Re: Regex: how to consider an unknown number of tabs?
by bichonfrise74 (Vicar) on Apr 04, 2010 at 16:54 UTC
    Consider this checking out the $/ - input record separator in perlvar.
    #!/usr/bin/perl use strict; local $/ = "\n\n"; while (<DATA>) { print if ( ! /^r145/ ); } __DATA__ c114: 0245, 0456, 1545 2555, 2444, 0344 0444, 3434, 1434 r145: 0544, 0688, 2988 1332, 0221, 0867 0655, 4548, 7463 c12: 2322, 0556, 3998 3545, 2002, 4500 5650, 0830, 3324 3433, 7070, 3404
Re: Regex: how to consider an unknown number of tabs?
by balakrishnan (Monk) on Apr 04, 2010 at 16:05 UTC
    You can also try the below code to achieve your need.
    use IO::File; my $fh = new IO::File "input_file", "r"; my @lines = <$fh>; my $pattern = "r145"; my ($para,@output); foreach my $line(@lines) { if($line =~ /^(\S+)/ ) { if($line =~ /^$pattern/) { $para = undef; } else { $para = $1; push @output,$line; } } elsif(defined($para) ) { push @output,$line; } } print @output;
Re: Regex: how to consider an unknown number of tabs?
by Gangabass (Vicar) on Apr 04, 2010 at 14:30 UTC
    perldoc split

    But can you explain what (and why) you need?
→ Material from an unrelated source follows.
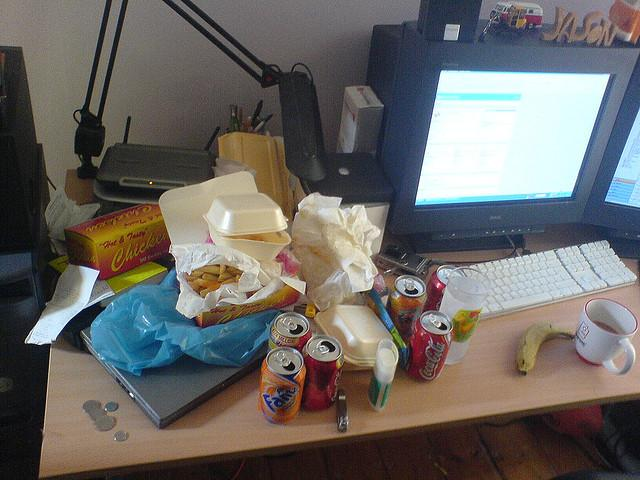Where is Coca-Cola's headquarters located? Please explain your reasoning. georgia. Information can be found online but in a georgia

Re: Regex: how to consider an unknown number of tabs?
by PeterPeiGuo (Hermit) on Apr 04, 2010 at 16:38 UTC

    Since you already know how to use regexp to find out those rows start with r, you can find out those c rows in the same way, and that's where the deletion stops.

    That's essentially couple of replies above do.

Re: Regex: how to consider an unknown number of tabs?
by biohisham (Priest) on Apr 05, 2010 at 08:50 UTC
    Change the definition of "$/" about what a new line is, in this case, the records are separated on each empty line and no chomping's done hence the records structure is preserved for each line, however, you might wanna chop if you wanted to get rid of the trailing new line characters for each independent record..
    use strict; use warnings; local $/=''; #Empty lines are the record terminators while(<DATA>){ # print if !/^r145/; print unless /^r145/; } __DATA__ c114: 0245, 0456, 1545 2555, 2444, 0344 0444, 3434, 1434 r145: 0544, 0688, 2988 1332, 0221, 0867 0655, 4548, 7463 c12: 2322, 0556, 3998 3545, 2002, 4500 5650, 0830, 3324 3433, 7070, 3404
    OUTPUTS:
    c114: 0245, 0456, 1545 2555, 2444, 0344 0444, 3434, 1434 c12: 2322, 0556, 3998 3545, 2002, 4500 5650, 0830, 3324 3433, 7070, 3404


    Excellence is an Endeavor of Persistence. Chance Favors a Prepared Mind.